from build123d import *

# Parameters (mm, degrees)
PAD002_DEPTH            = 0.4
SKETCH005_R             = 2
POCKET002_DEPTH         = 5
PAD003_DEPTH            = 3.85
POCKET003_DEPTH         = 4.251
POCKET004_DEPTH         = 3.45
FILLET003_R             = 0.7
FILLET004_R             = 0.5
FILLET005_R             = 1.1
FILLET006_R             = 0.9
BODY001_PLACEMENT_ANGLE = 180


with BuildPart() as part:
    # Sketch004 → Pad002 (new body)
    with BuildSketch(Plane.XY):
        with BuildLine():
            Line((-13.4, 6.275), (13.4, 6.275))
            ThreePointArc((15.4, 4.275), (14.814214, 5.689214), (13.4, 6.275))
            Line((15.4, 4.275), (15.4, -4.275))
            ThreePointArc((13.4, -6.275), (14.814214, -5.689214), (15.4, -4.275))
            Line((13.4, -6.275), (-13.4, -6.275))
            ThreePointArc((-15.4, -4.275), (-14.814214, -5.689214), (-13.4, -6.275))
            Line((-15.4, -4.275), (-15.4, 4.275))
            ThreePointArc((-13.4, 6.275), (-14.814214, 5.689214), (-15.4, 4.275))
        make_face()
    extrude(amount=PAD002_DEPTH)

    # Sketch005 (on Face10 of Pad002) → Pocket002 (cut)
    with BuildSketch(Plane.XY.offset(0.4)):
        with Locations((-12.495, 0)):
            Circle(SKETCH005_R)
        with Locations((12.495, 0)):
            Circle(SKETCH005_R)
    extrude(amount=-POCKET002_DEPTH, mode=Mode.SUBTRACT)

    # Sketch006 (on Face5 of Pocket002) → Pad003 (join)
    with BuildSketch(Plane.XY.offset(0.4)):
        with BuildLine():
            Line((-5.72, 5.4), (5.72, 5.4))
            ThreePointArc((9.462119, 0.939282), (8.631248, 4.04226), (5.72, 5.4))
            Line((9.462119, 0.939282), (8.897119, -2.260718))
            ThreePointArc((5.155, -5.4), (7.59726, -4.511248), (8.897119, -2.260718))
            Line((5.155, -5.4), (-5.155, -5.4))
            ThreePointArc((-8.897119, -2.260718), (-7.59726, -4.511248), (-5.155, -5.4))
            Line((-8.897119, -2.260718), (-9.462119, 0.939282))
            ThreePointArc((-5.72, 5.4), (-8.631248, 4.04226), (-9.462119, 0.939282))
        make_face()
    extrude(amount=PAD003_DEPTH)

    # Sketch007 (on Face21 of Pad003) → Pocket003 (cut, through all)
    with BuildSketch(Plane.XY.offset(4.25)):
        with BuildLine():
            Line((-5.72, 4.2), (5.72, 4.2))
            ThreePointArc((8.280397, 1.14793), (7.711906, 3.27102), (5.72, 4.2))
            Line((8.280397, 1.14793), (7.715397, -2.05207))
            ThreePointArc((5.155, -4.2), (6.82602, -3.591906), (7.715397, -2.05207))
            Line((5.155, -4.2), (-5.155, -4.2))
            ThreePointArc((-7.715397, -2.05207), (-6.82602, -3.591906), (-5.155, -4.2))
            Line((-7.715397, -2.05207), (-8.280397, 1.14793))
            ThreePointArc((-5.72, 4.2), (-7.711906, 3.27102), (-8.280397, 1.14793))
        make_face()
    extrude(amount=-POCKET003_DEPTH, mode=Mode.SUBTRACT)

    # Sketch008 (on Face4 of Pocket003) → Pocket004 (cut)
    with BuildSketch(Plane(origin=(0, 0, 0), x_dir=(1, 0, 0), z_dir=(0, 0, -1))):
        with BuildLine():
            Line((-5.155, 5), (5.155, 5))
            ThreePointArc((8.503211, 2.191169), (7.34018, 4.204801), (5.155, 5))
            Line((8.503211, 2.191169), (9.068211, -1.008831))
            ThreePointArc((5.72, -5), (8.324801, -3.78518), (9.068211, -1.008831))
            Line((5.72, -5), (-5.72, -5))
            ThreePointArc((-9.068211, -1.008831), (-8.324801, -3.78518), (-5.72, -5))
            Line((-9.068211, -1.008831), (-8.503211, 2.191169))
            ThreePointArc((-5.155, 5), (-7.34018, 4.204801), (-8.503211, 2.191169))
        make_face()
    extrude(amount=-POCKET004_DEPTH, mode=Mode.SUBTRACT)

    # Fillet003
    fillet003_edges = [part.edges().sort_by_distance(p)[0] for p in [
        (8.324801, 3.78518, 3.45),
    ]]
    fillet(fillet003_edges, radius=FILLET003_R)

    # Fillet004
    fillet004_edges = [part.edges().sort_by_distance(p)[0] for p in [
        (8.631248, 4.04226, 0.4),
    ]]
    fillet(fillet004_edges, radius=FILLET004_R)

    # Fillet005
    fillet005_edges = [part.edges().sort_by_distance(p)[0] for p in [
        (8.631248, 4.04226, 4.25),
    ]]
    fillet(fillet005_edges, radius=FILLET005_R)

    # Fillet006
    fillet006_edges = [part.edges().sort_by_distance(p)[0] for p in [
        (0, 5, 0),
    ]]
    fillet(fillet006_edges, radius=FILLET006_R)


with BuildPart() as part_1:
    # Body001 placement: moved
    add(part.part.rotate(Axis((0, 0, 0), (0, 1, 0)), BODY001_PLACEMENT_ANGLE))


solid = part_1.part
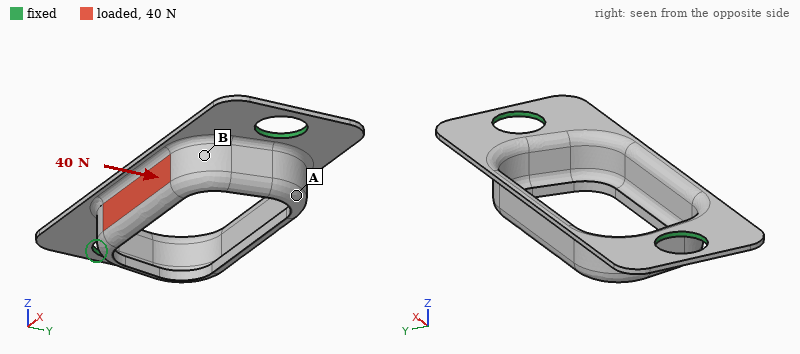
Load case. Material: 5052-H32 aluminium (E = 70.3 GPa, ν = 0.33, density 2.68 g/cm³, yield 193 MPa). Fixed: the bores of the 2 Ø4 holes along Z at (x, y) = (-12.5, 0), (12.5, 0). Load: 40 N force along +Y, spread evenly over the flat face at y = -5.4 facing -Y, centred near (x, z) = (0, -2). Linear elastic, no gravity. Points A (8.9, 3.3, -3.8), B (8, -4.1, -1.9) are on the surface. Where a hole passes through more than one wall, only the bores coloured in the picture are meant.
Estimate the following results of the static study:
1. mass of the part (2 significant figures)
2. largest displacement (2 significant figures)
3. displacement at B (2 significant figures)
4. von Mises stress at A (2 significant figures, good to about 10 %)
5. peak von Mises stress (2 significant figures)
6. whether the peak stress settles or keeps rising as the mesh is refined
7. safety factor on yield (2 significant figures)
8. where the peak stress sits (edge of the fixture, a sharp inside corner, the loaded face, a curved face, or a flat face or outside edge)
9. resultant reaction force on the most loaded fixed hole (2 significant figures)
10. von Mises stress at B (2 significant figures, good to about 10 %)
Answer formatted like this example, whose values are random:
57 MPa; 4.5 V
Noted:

━━━━━━━━

Every line in the records above that contains the word "loaded" is to be copied out.

8. where the peak stress sits (edge of the fixture, a sharp inside corner, the loaded face, a curved face, or a flat face or outside edge)
9. resultant reaction force on the most loaded fixed hole (2 significant figures)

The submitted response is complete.